IR Strategy – Investor Relations Group – Read This Before Choosing A Firm

I recently wasted three months getting to know an investor relations contact as it takes a few months before you’re ready to give up equity in someone else’s company to a stranger for services to be rendered in the future. The process is to first talk on the phone to the IR consultant and make nice talk. At this time you want to just let them talk because 90% of what they say is complete BS and 10% of it is what they wish they could do but up until now have never been able to.

I spent hours talking to this guy. He sounded so convincing, sure he’d dodge the questions about process and ‘how to’ but I figured we’d eventually get to that. We eventually met in New York, at our first meeting he picked the restaurant, he ordered lunch, I bought.

He was so smooth with his tactics and his con was so polished. He was an older gentleman with a very specific and well manicured professional pedigree, pure fiction of course but I found myself wanting to believe that this guy was telling the truth.

He told me how much he loved the company I was taking public and how he believed in what we were doing and how the company’s expansion was going to make such a great story post public to attract investors and create the market on and on. This banter went on for about two months and then as we were getting closer to our opening dated I started to press him for a process to bring together everything that he had been telling me.

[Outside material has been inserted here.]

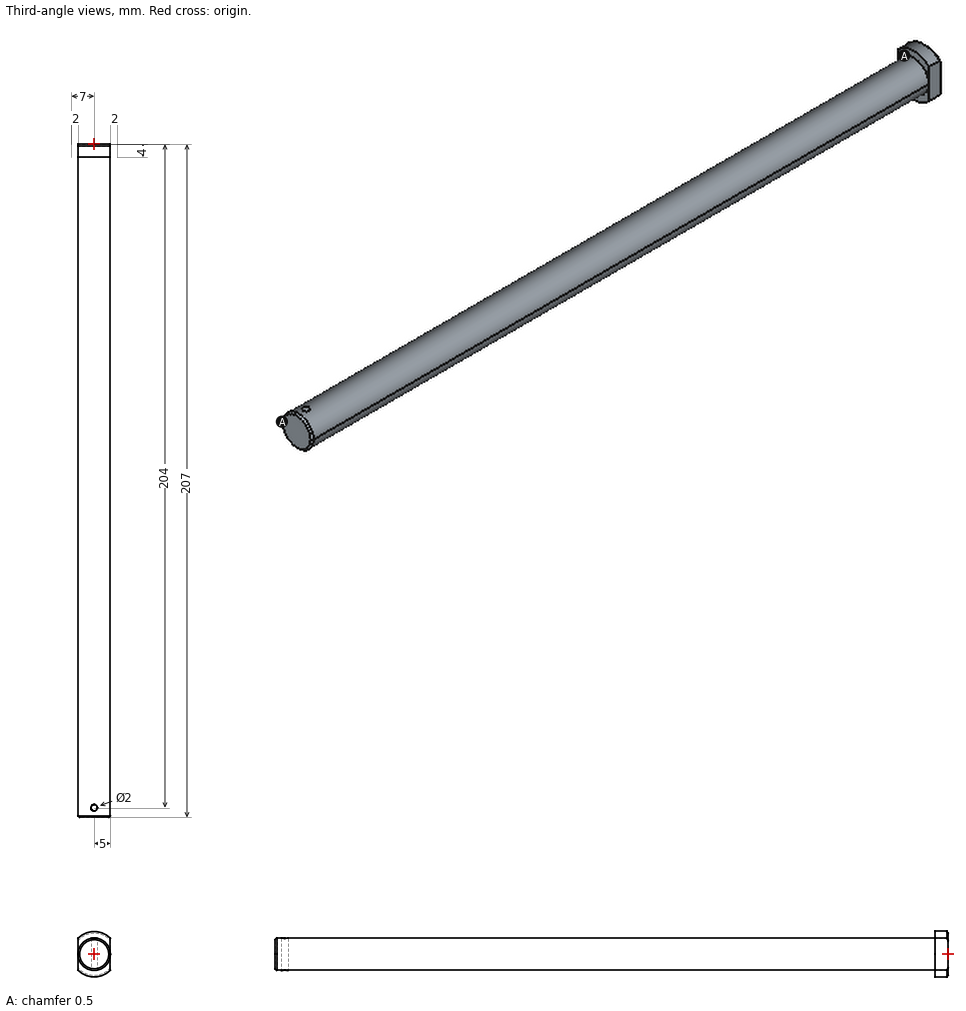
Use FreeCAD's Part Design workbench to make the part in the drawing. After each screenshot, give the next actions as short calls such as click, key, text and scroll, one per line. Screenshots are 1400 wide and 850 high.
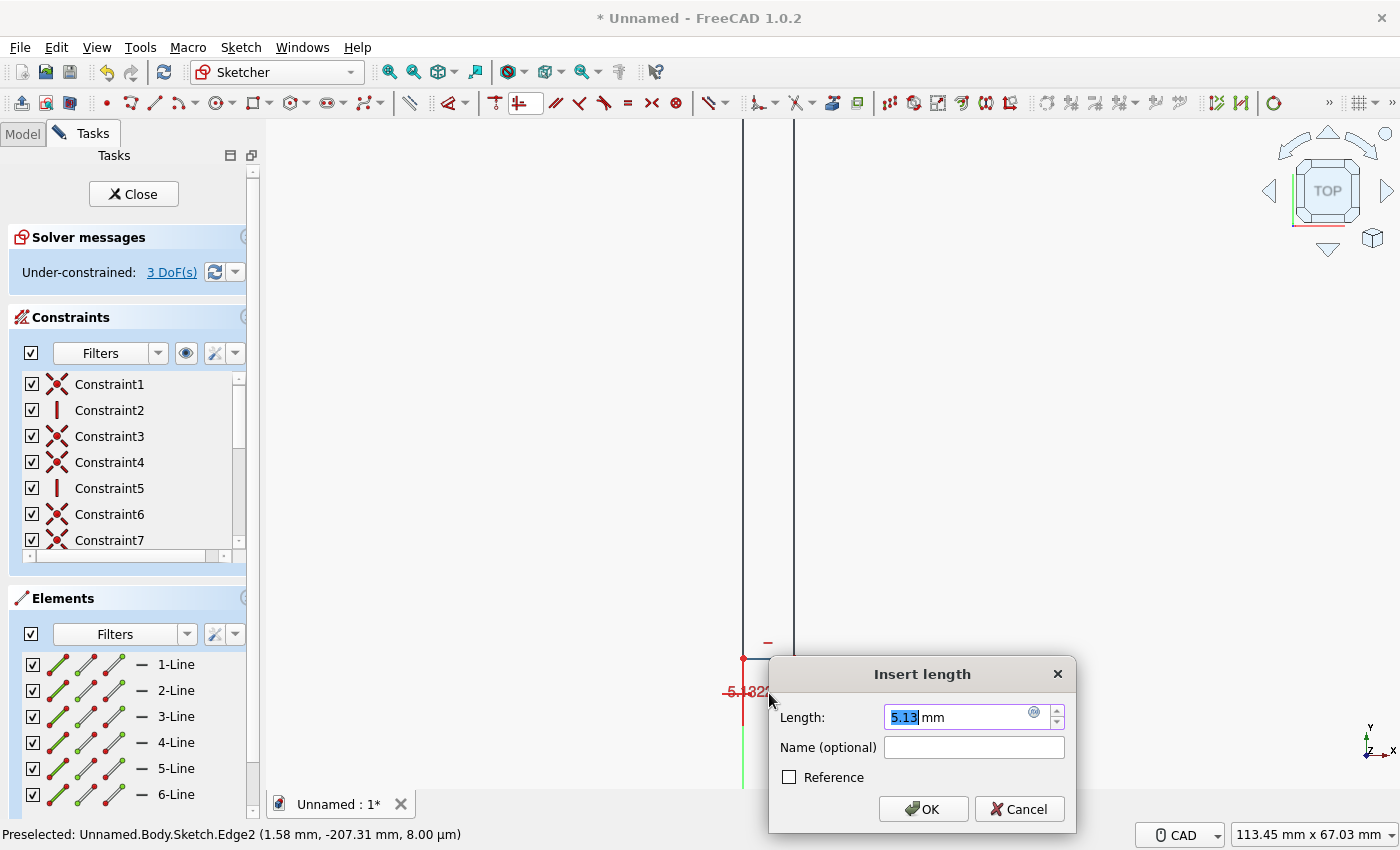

I wanted him to show me a track record with trading symbols, only the ones that he mentioned to me that went from .10 cents to $1+ (I should have bailed at that point but I was still curious). I wanted him to break down how he was going to create the market for this company, I just wanted details. A few days had passed and obviously up to that point there had been no exchange of contracts since there was no process to agree to or anything professional from him to solidify the deal only words.

Then our S1 went up and he got an Edgar link. He was furious that he wasn’t on that S1. I got an email from his partner who I didn’t even know existed giving me the digital version of a tongue lashing, all caps, exclamation marks, bold print, you get the idea.

This was when I realized that no matter how objective I was and no matter how many angles I looked at this guy and his company and no matter how badly I wanted to believe that this was the one legit guy in a sea of razor blades and shark infestation that we call Investor Relations it was all just smoke and mirrors. He was a con artist, a confidence man.

I am by no means a new comer. I’ve been submerged in every aspect of this industry for over 12 years and I assist global corporations on the intricacies of going public, staying public and globalizing their strategies but sometimes we believe that we can meet someone that will shatter the prototypical mold of the realities we face every day. Investor relations is the one aspect of the industry that demands you to watch your back.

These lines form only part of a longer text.